Geçen hafta Sivas Katliamı’nın 27. yıldönümüydü. Bu canavarlığı anlamlandırma”, onun aslında neyin [G]erçeği olduğunu saptamayı deneme konusunda hâlâ, kimilerimiz yetersiz kalıyor, kimilerimiz de yetersiz kalmayı seçiyor.

Sivas Katliamı ve ‘Unheimliche’

Böyle olayları anlamlandırmaya çalışırken nedensellik zincirini polisiye ve hukuki süreçlerin ötesine uzatamazsak, “şu kişiler yaptı, cezası da bu kadardır” diyerek defteri kapatabilir, böylece, “olayı yaşadık ama anlamını kaçırdık” durumuna düşebiliriz.

Sivas Katliamı’nın”, katliamın fiziki sonuçlarından öte, Freud’un “Unheimliche” kavramını akla getiren bir boyutu var. Bu, aşina olmakla birlikte bir şekilde ifade edemediğimiz için, simgesel sistemimizi, ya da Frederic Jameson’un bir kavramını kullanırsak “bilişsel haritamızı” sarsıcı bir ŞEY’dir. Bu katliamın GERÇEĞİ de işte bu ifade etmekte zorluk çektiğimiz boyuttadır.

Gerçekten de bu GERÇEK, “gerçekliğimizin”, simgeleştirilemeyen, kabul edilmiş anlamlar sistemine katılamayan (katılması engellenen) ŞEY’le ilgilidir.
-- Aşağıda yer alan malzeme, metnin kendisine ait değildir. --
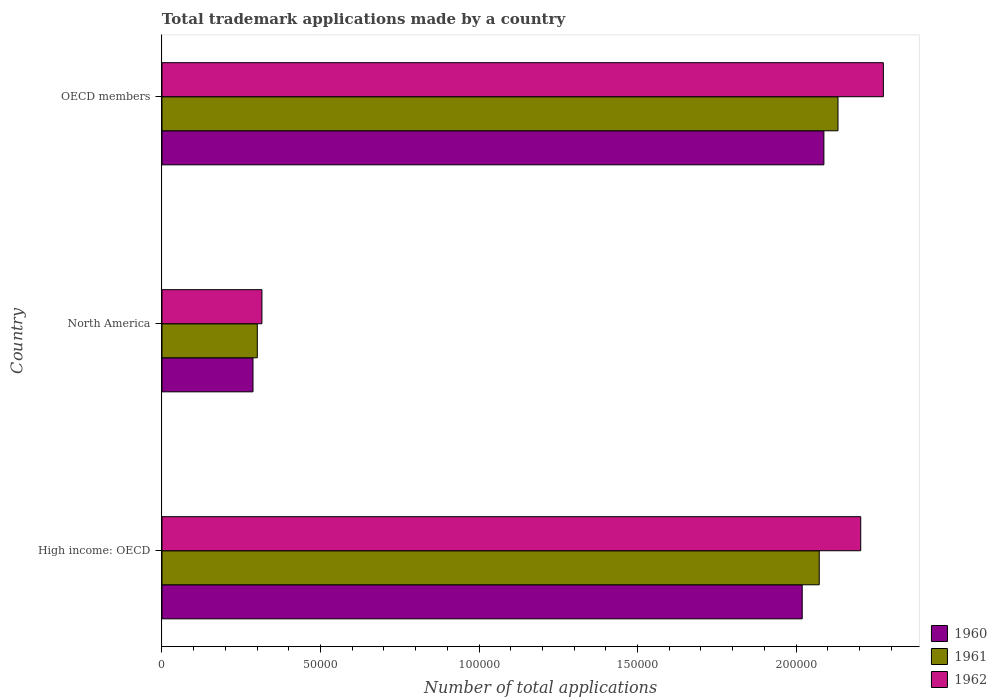Are the number of bars per tick equal to the number of legend labels?
Your response must be concise. Yes. Are the number of bars on each tick of the Y-axis equal?
Your answer should be compact. Yes. How many bars are there on the 3rd tick from the bottom?
Offer a terse response. 3. What is the label of the 3rd group of bars from the top?
Your response must be concise. High income: OECD. In how many cases, is the number of bars for a given country not equal to the number of legend labels?
Ensure brevity in your answer.  0. What is the number of applications made by in 1961 in High income: OECD?
Keep it short and to the point. 2.07e+05. Across all countries, what is the maximum number of applications made by in 1962?
Offer a terse response. 2.28e+05. Across all countries, what is the minimum number of applications made by in 1962?
Give a very brief answer. 3.15e+04. What is the total number of applications made by in 1961 in the graph?
Keep it short and to the point. 4.51e+05. What is the difference between the number of applications made by in 1961 in High income: OECD and that in North America?
Provide a succinct answer. 1.77e+05. What is the difference between the number of applications made by in 1962 in High income: OECD and the number of applications made by in 1960 in OECD members?
Provide a succinct answer. 1.16e+04. What is the average number of applications made by in 1962 per country?
Give a very brief answer. 1.60e+05. What is the difference between the number of applications made by in 1961 and number of applications made by in 1960 in North America?
Offer a terse response. 1355. In how many countries, is the number of applications made by in 1962 greater than 180000 ?
Give a very brief answer. 2. What is the ratio of the number of applications made by in 1960 in North America to that in OECD members?
Your response must be concise. 0.14. Is the difference between the number of applications made by in 1961 in High income: OECD and North America greater than the difference between the number of applications made by in 1960 in High income: OECD and North America?
Make the answer very short. Yes. What is the difference between the highest and the second highest number of applications made by in 1962?
Give a very brief answer. 7139. What is the difference between the highest and the lowest number of applications made by in 1960?
Your response must be concise. 1.80e+05. In how many countries, is the number of applications made by in 1962 greater than the average number of applications made by in 1962 taken over all countries?
Make the answer very short. 2. How many countries are there in the graph?
Offer a terse response. 3. Does the graph contain grids?
Provide a short and direct response. No. How are the legend labels stacked?
Offer a very short reply. Vertical. What is the title of the graph?
Keep it short and to the point. Total trademark applications made by a country. What is the label or title of the X-axis?
Your response must be concise. Number of total applications. What is the Number of total applications in 1960 in High income: OECD?
Provide a short and direct response. 2.02e+05. What is the Number of total applications in 1961 in High income: OECD?
Your answer should be compact. 2.07e+05. What is the Number of total applications of 1962 in High income: OECD?
Make the answer very short. 2.20e+05. What is the Number of total applications in 1960 in North America?
Provide a succinct answer. 2.87e+04. What is the Number of total applications of 1961 in North America?
Offer a very short reply. 3.01e+04. What is the Number of total applications in 1962 in North America?
Keep it short and to the point. 3.15e+04. What is the Number of total applications in 1960 in OECD members?
Make the answer very short. 2.09e+05. What is the Number of total applications of 1961 in OECD members?
Make the answer very short. 2.13e+05. What is the Number of total applications in 1962 in OECD members?
Provide a succinct answer. 2.28e+05. Across all countries, what is the maximum Number of total applications in 1960?
Keep it short and to the point. 2.09e+05. Across all countries, what is the maximum Number of total applications of 1961?
Make the answer very short. 2.13e+05. Across all countries, what is the maximum Number of total applications of 1962?
Your response must be concise. 2.28e+05. Across all countries, what is the minimum Number of total applications in 1960?
Provide a short and direct response. 2.87e+04. Across all countries, what is the minimum Number of total applications in 1961?
Keep it short and to the point. 3.01e+04. Across all countries, what is the minimum Number of total applications in 1962?
Give a very brief answer. 3.15e+04. What is the total Number of total applications of 1960 in the graph?
Offer a very short reply. 4.39e+05. What is the total Number of total applications of 1961 in the graph?
Your answer should be compact. 4.51e+05. What is the total Number of total applications in 1962 in the graph?
Keep it short and to the point. 4.79e+05. What is the difference between the Number of total applications of 1960 in High income: OECD and that in North America?
Your answer should be very brief. 1.73e+05. What is the difference between the Number of total applications of 1961 in High income: OECD and that in North America?
Provide a short and direct response. 1.77e+05. What is the difference between the Number of total applications in 1962 in High income: OECD and that in North America?
Ensure brevity in your answer.  1.89e+05. What is the difference between the Number of total applications in 1960 in High income: OECD and that in OECD members?
Give a very brief answer. -6833. What is the difference between the Number of total applications of 1961 in High income: OECD and that in OECD members?
Offer a terse response. -5917. What is the difference between the Number of total applications of 1962 in High income: OECD and that in OECD members?
Your answer should be very brief. -7139. What is the difference between the Number of total applications of 1960 in North America and that in OECD members?
Offer a very short reply. -1.80e+05. What is the difference between the Number of total applications in 1961 in North America and that in OECD members?
Offer a terse response. -1.83e+05. What is the difference between the Number of total applications in 1962 in North America and that in OECD members?
Keep it short and to the point. -1.96e+05. What is the difference between the Number of total applications in 1960 in High income: OECD and the Number of total applications in 1961 in North America?
Your answer should be compact. 1.72e+05. What is the difference between the Number of total applications in 1960 in High income: OECD and the Number of total applications in 1962 in North America?
Your response must be concise. 1.70e+05. What is the difference between the Number of total applications in 1961 in High income: OECD and the Number of total applications in 1962 in North America?
Offer a terse response. 1.76e+05. What is the difference between the Number of total applications in 1960 in High income: OECD and the Number of total applications in 1961 in OECD members?
Ensure brevity in your answer.  -1.13e+04. What is the difference between the Number of total applications of 1960 in High income: OECD and the Number of total applications of 1962 in OECD members?
Offer a terse response. -2.56e+04. What is the difference between the Number of total applications of 1961 in High income: OECD and the Number of total applications of 1962 in OECD members?
Give a very brief answer. -2.02e+04. What is the difference between the Number of total applications of 1960 in North America and the Number of total applications of 1961 in OECD members?
Offer a terse response. -1.85e+05. What is the difference between the Number of total applications of 1960 in North America and the Number of total applications of 1962 in OECD members?
Offer a very short reply. -1.99e+05. What is the difference between the Number of total applications in 1961 in North America and the Number of total applications in 1962 in OECD members?
Your response must be concise. -1.97e+05. What is the average Number of total applications in 1960 per country?
Provide a succinct answer. 1.46e+05. What is the average Number of total applications in 1961 per country?
Offer a terse response. 1.50e+05. What is the average Number of total applications in 1962 per country?
Give a very brief answer. 1.60e+05. What is the difference between the Number of total applications of 1960 and Number of total applications of 1961 in High income: OECD?
Make the answer very short. -5368. What is the difference between the Number of total applications in 1960 and Number of total applications in 1962 in High income: OECD?
Ensure brevity in your answer.  -1.85e+04. What is the difference between the Number of total applications in 1961 and Number of total applications in 1962 in High income: OECD?
Your answer should be compact. -1.31e+04. What is the difference between the Number of total applications in 1960 and Number of total applications in 1961 in North America?
Offer a very short reply. -1355. What is the difference between the Number of total applications in 1960 and Number of total applications in 1962 in North America?
Your answer should be very brief. -2817. What is the difference between the Number of total applications of 1961 and Number of total applications of 1962 in North America?
Offer a terse response. -1462. What is the difference between the Number of total applications in 1960 and Number of total applications in 1961 in OECD members?
Offer a terse response. -4452. What is the difference between the Number of total applications in 1960 and Number of total applications in 1962 in OECD members?
Your answer should be compact. -1.88e+04. What is the difference between the Number of total applications in 1961 and Number of total applications in 1962 in OECD members?
Ensure brevity in your answer.  -1.43e+04. What is the ratio of the Number of total applications in 1960 in High income: OECD to that in North America?
Ensure brevity in your answer.  7.03. What is the ratio of the Number of total applications of 1961 in High income: OECD to that in North America?
Your answer should be very brief. 6.9. What is the ratio of the Number of total applications in 1962 in High income: OECD to that in North America?
Ensure brevity in your answer.  6.99. What is the ratio of the Number of total applications of 1960 in High income: OECD to that in OECD members?
Offer a very short reply. 0.97. What is the ratio of the Number of total applications of 1961 in High income: OECD to that in OECD members?
Your answer should be compact. 0.97. What is the ratio of the Number of total applications of 1962 in High income: OECD to that in OECD members?
Offer a terse response. 0.97. What is the ratio of the Number of total applications of 1960 in North America to that in OECD members?
Keep it short and to the point. 0.14. What is the ratio of the Number of total applications of 1961 in North America to that in OECD members?
Provide a succinct answer. 0.14. What is the ratio of the Number of total applications of 1962 in North America to that in OECD members?
Provide a succinct answer. 0.14. What is the difference between the highest and the second highest Number of total applications in 1960?
Provide a short and direct response. 6833. What is the difference between the highest and the second highest Number of total applications in 1961?
Your answer should be compact. 5917. What is the difference between the highest and the second highest Number of total applications in 1962?
Ensure brevity in your answer.  7139. What is the difference between the highest and the lowest Number of total applications of 1960?
Your response must be concise. 1.80e+05. What is the difference between the highest and the lowest Number of total applications in 1961?
Keep it short and to the point. 1.83e+05. What is the difference between the highest and the lowest Number of total applications in 1962?
Your response must be concise. 1.96e+05. 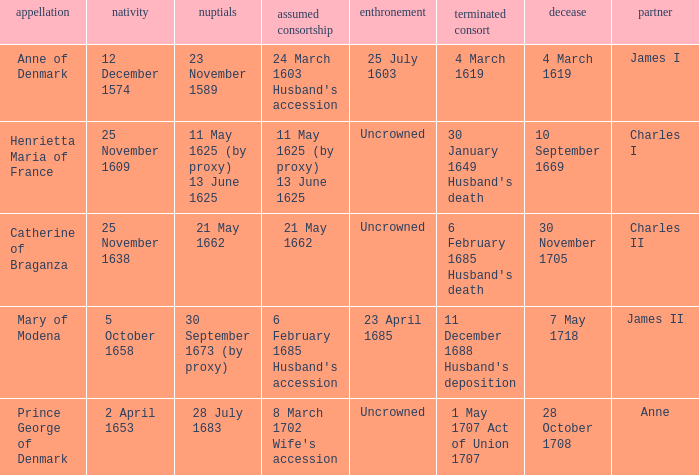Give me the full table as a dictionary. {'header': ['appellation', 'nativity', 'nuptials', 'assumed consortship', 'enthronement', 'terminated consort', 'decease', 'partner'], 'rows': [['Anne of Denmark', '12 December 1574', '23 November 1589', "24 March 1603 Husband's accession", '25 July 1603', '4 March 1619', '4 March 1619', 'James I'], ['Henrietta Maria of France', '25 November 1609', '11 May 1625 (by proxy) 13 June 1625', '11 May 1625 (by proxy) 13 June 1625', 'Uncrowned', "30 January 1649 Husband's death", '10 September 1669', 'Charles I'], ['Catherine of Braganza', '25 November 1638', '21 May 1662', '21 May 1662', 'Uncrowned', "6 February 1685 Husband's death", '30 November 1705', 'Charles II'], ['Mary of Modena', '5 October 1658', '30 September 1673 (by proxy)', "6 February 1685 Husband's accession", '23 April 1685', "11 December 1688 Husband's deposition", '7 May 1718', 'James II'], ['Prince George of Denmark', '2 April 1653', '28 July 1683', "8 March 1702 Wife's accession", 'Uncrowned', '1 May 1707 Act of Union 1707', '28 October 1708', 'Anne']]} When was the date of death for the person married to Charles II? 30 November 1705. 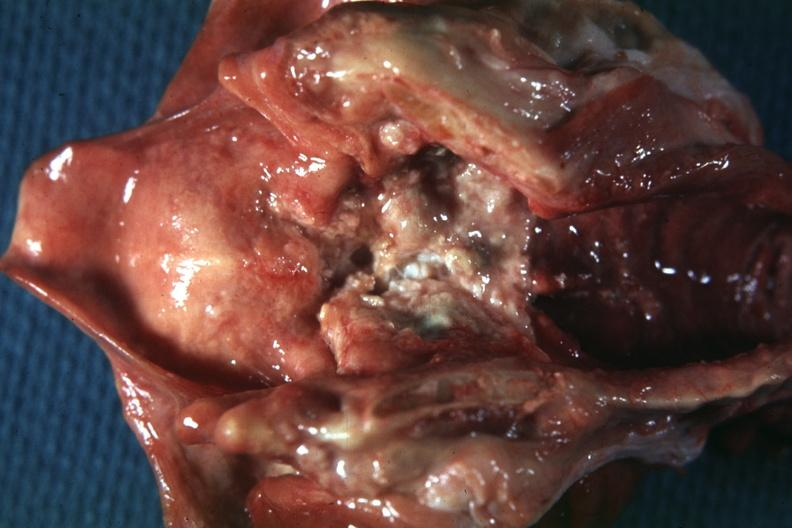s larynx present?
Answer the question using a single word or phrase. Yes 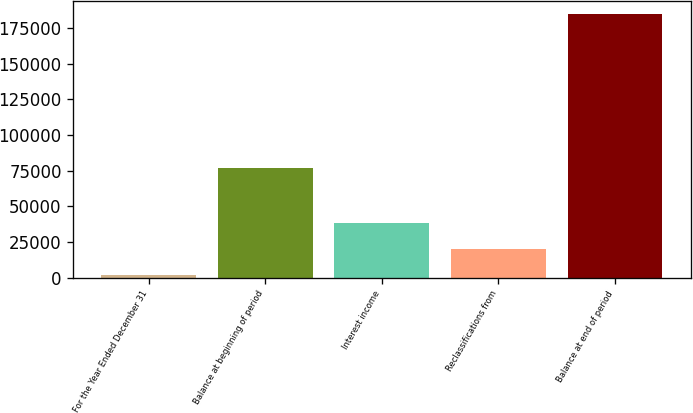Convert chart to OTSL. <chart><loc_0><loc_0><loc_500><loc_500><bar_chart><fcel>For the Year Ended December 31<fcel>Balance at beginning of period<fcel>Interest income<fcel>Reclassifications from<fcel>Balance at end of period<nl><fcel>2015<fcel>76518<fcel>38535.6<fcel>20275.3<fcel>184618<nl></chart> 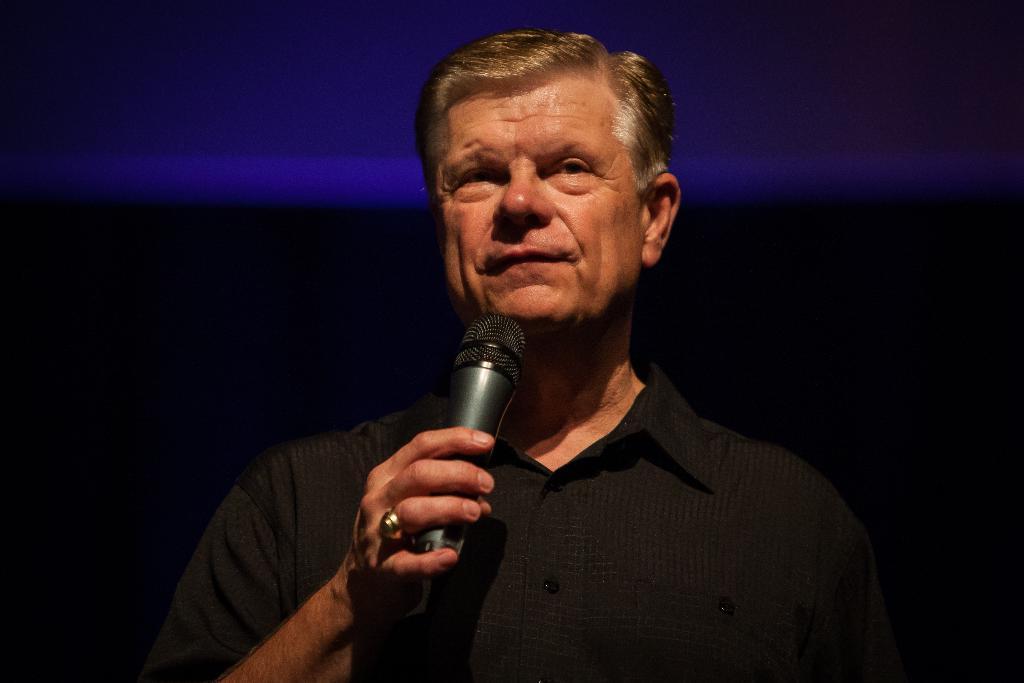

Simgeleştirilemediği için de (bazen simgeleştirmek çok sancılı olduğundan) ona, ancak etkilerinden ulaşabiliyoruz. İki örnek bize yardımcı olabilir.

Sivas’ta AKP Gençlik Kolları’ndan, İl Genel Meclisi üyesi Murat Toraman, Sivas Katliamı kavramını kullananlar hakkında suç duyurusunda bulundu. Toraman, aynen “Madımak Olayı’nın, 27 yıldır belirli bir kesim tarafından Sivas’a mal edilmesini şiddetle reddediyorum” diyor. Toraman, “Sivas Katliamı’nın” kabul edilebilir anlamlar sisteminden çıkarılmasını istiyor, o “belirli kesimi” betimlemekten kaçınıyor.

İmamoğlu, Katliamı anarken, öznesinin içini boş bırakmayı seçerekSivas Katliamı’nda yitirdiğimiz canları bir kez daha rahmetle anıyorum… Fitne ve fesat peşinde olanlar, nefreti körükleyenler hiçbir zaman bu topraklarda kök salamayacak” diyor. Kimdir bu “Fitne ve fesat peşinde olanlar, nefreti körükleyenler” ve bu neyin fitnesi ve fesadıdır?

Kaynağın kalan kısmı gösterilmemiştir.